Una corsa disperata di 200 metri attraverso terminal, controlli e barriere di sicurezza. Poi il drammatico epilogo sulla pista di Orio al Serio, dove un uomo di 35 anni ha perso la vita risucchiato dal motore di un Airbus A319 in fase di decollo. La tragedia si è consumata questa mattina alle 10.35 all’aeroporto di Bergamo, scuotendo la comunità aeroportuale e sollevando interrogativi inquietanti sui sistemi di protezione di uno degli scali più trafficati d’Italia.
La ricostruzione dell’accaduto presenta ancora molti punti oscuri, ma le prime testimonianze raccolte dalle autorità delineano un quadro agghiacciante. L’uomo avrebbe fatto irruzione nello scalo arrivando contromano, abbandonando l’auto e iniziando una corsa folle verso l’interno della struttura. Una volta varcata l’area arrivi al piano terra, sarebbe riuscito ad aprire una porta di sicurezza che conduce direttamente alle piazzole di sosta degli aerei.
Il velivolo coinvolto, un Airbus A319 della compagnia spagnola Volotea diretto alle Asturie, stava completando il “pushback” – la manovra di allontanamento dalla piazzola di sosta – quando si è verificato l’impatto fatale. A bordo viaggiavano 154 passeggeri, quattro assistenti di volo e due piloti, tutti illesi ma profondamente scossi dall’accaduto.
L’episodio ha immediatamente paralizzato le operazioni dello scalo lombardo. Sacbo, la società di gestione dell’impianto, ha sospeso tutti i voli dalle 10.20 alle 12 circa, parlando in una nota ufficiale di “inconveniente verificatosi sulla via di rullaggio, le cui cause sono in corso di accertamento da parte delle forze dell’ordine”. Un linguaggio istituzionale che nasconde la drammaticità di quanto accaduto.
Ma è proprio la dinamica dell’intrusione a sollevare le domande più inquietanti. Come ha fatto un uomo a percorrere quasi 200 metri all’interno di un aeroporto internazionale, superando porte d’emergenza, pareti, ostacoli, snodi di controllo e la presenza delle forze dell’ordine? Il percorso dal terminal alle piazzole di sosta rappresenta normalmente una delle aree più sorvegliate e protette di qualsiasi scalo aeroportuale.
L’episodio riapre inevitabilmente il dibattito sulla sicurezza aeroportuale in Italia. Orio al Serio gestisce oltre 13 milioni di passeggeri all’anno ed è considerato uno degli scali più efficienti del Paese. Proprio per questo, la facilità con cui un uomo è riuscito a raggiungere la pista operativa desta preoccupazioni che vanno ben oltre la singola tragedia.
Volotea ha confermato l’accaduto con un comunicato ufficiale: “Un uomo è riuscito ad introdursi sul piazzale degli aeromobili, raggiungendo poi la via di rullaggio.

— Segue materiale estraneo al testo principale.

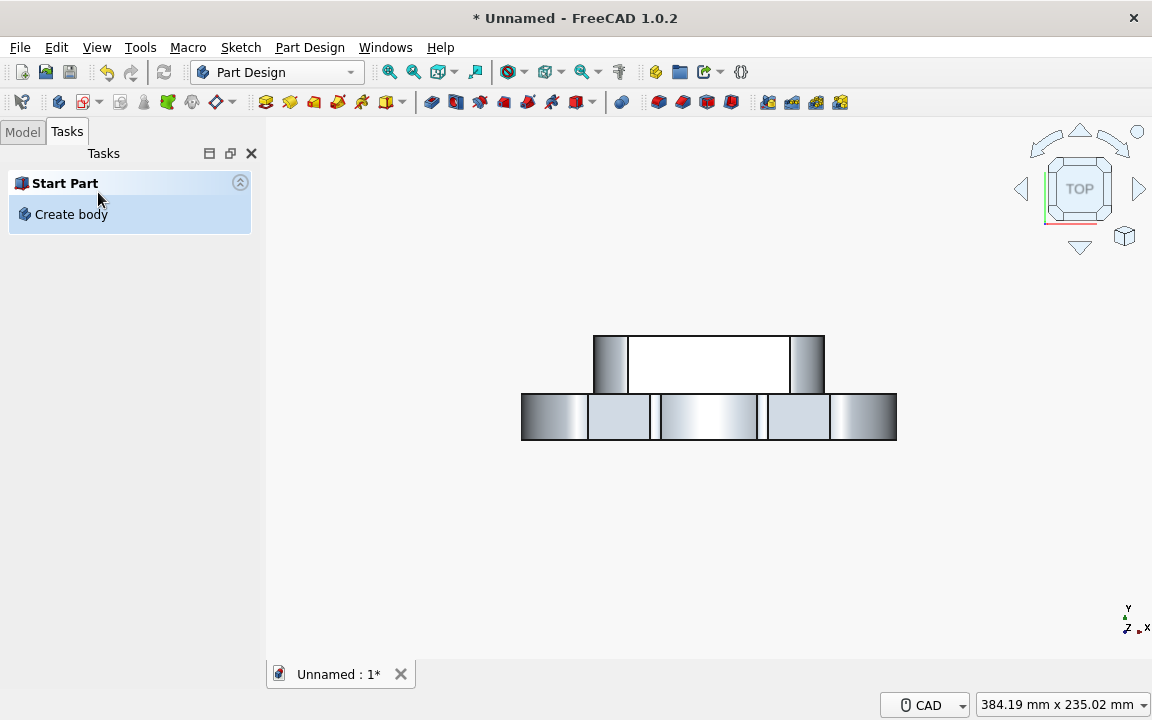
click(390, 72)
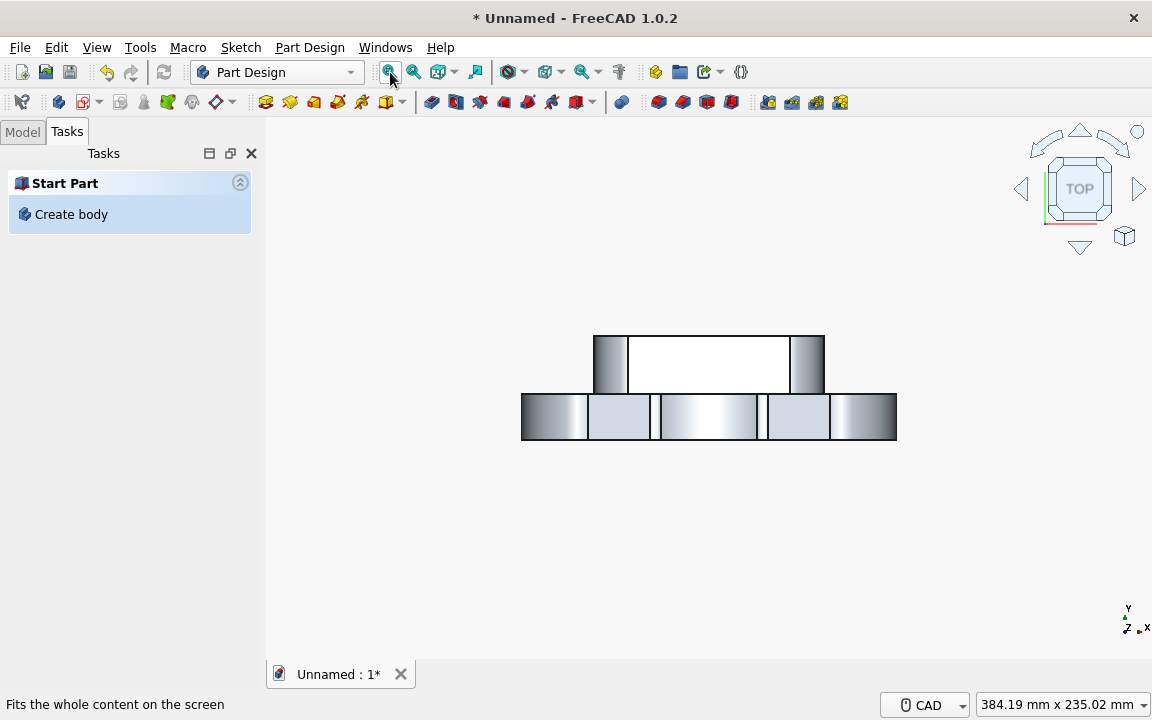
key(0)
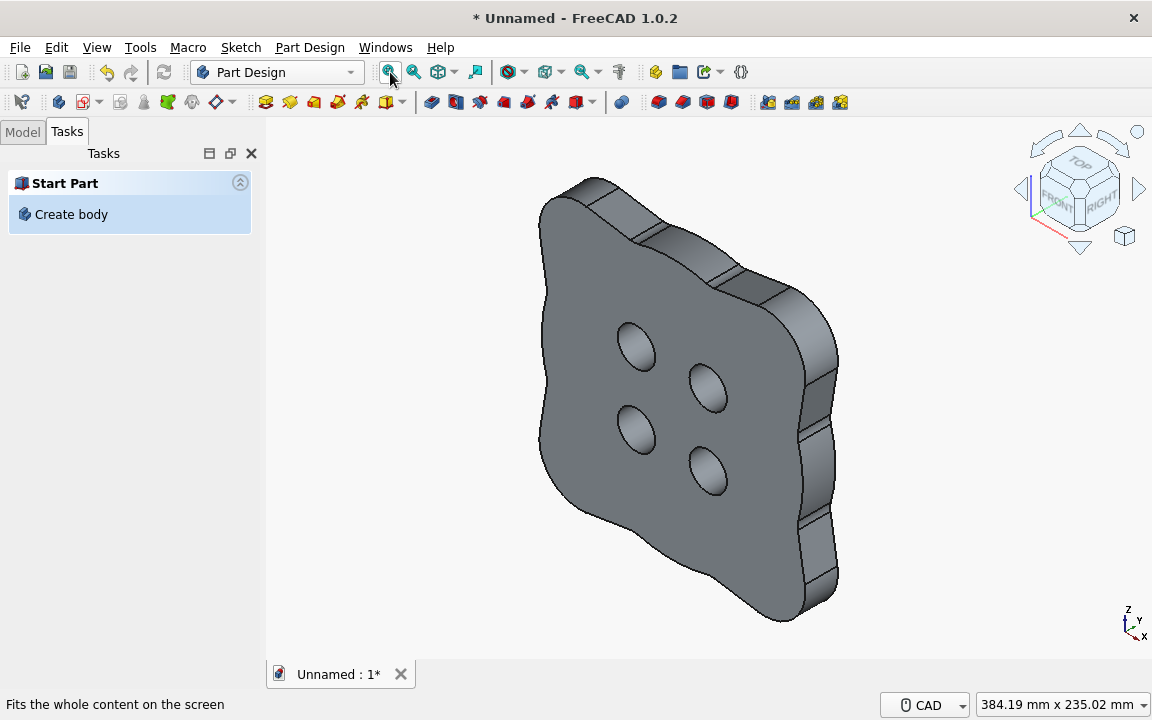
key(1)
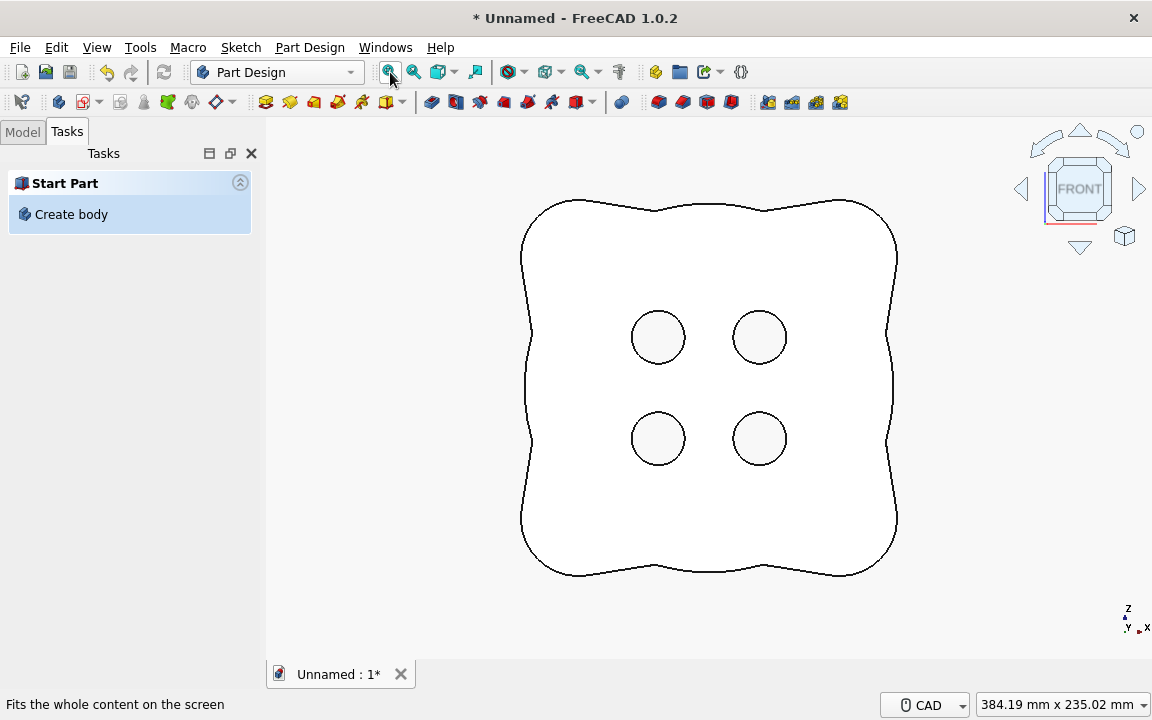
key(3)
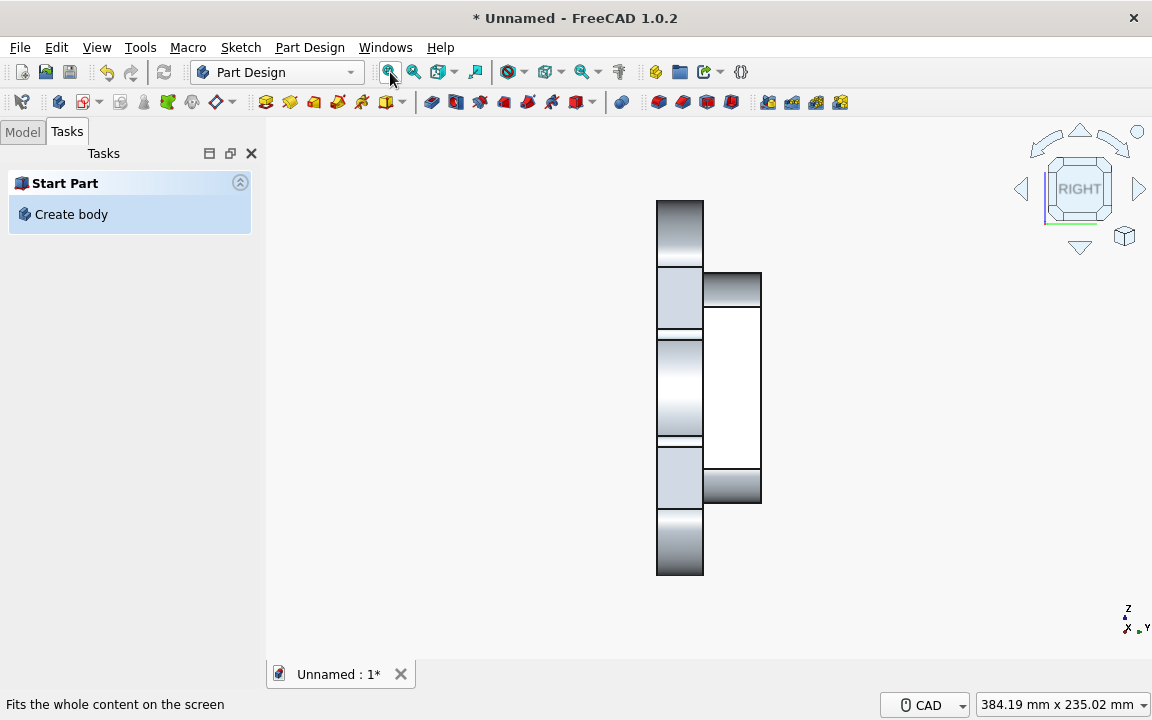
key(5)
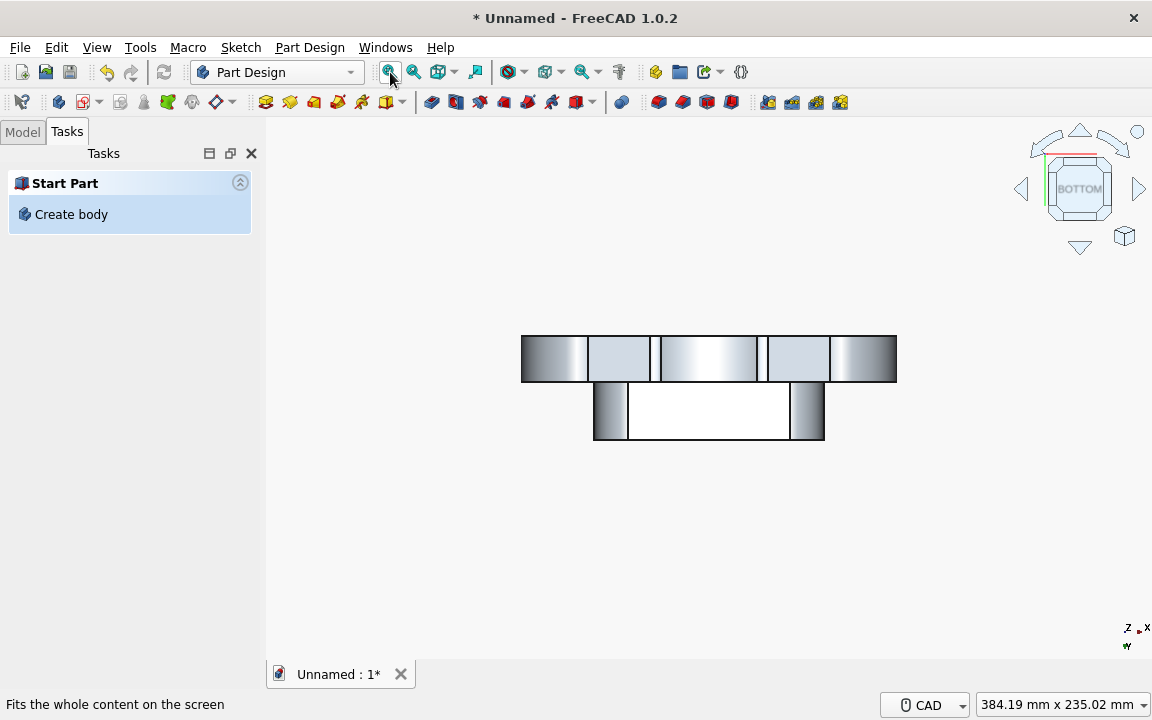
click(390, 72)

Qui si è avvicinato all’aereo, fermo e a motori accesi, perdendo la vita”. La compagnia ha precisato che tutti i passeggeri sono stati riprotetti su un altro volo, partito da Milano-Bergamo alle 16.43, e hanno ricevuto supporto psicologico per elaborare il trauma vissuto.
Le autorità competenti hanno avviato un’inchiesta approfondita per ricostruire ogni dettaglio dell’accaduto e verificare eventuali falle nei protocolli di sicurezza. Nel frattempo, la comunità aeroportuale prova a metabolizzare uno shock che segnerà a lungo la memoria di chi ha assistito a quella corsa verso la morte.
L’episodio di Bergamo rappresenta un campanello d’allarme che non può essere ignorato. La sicurezza aeroportuale, considerata fino ad oggi una delle eccellenze del sistema italiano, dovrà essere ripensata e rafforzata per evitare che simili tragedie possano ripetersi. Ogni vita umana ha un valore inestimabile, e ogni sistema di protezione deve essere progettato per salvaguardare non solo i passeggeri, ma anche chi, in un momento di estrema disperazione, potrebbe mettere in pericolo se stesso e gli altri.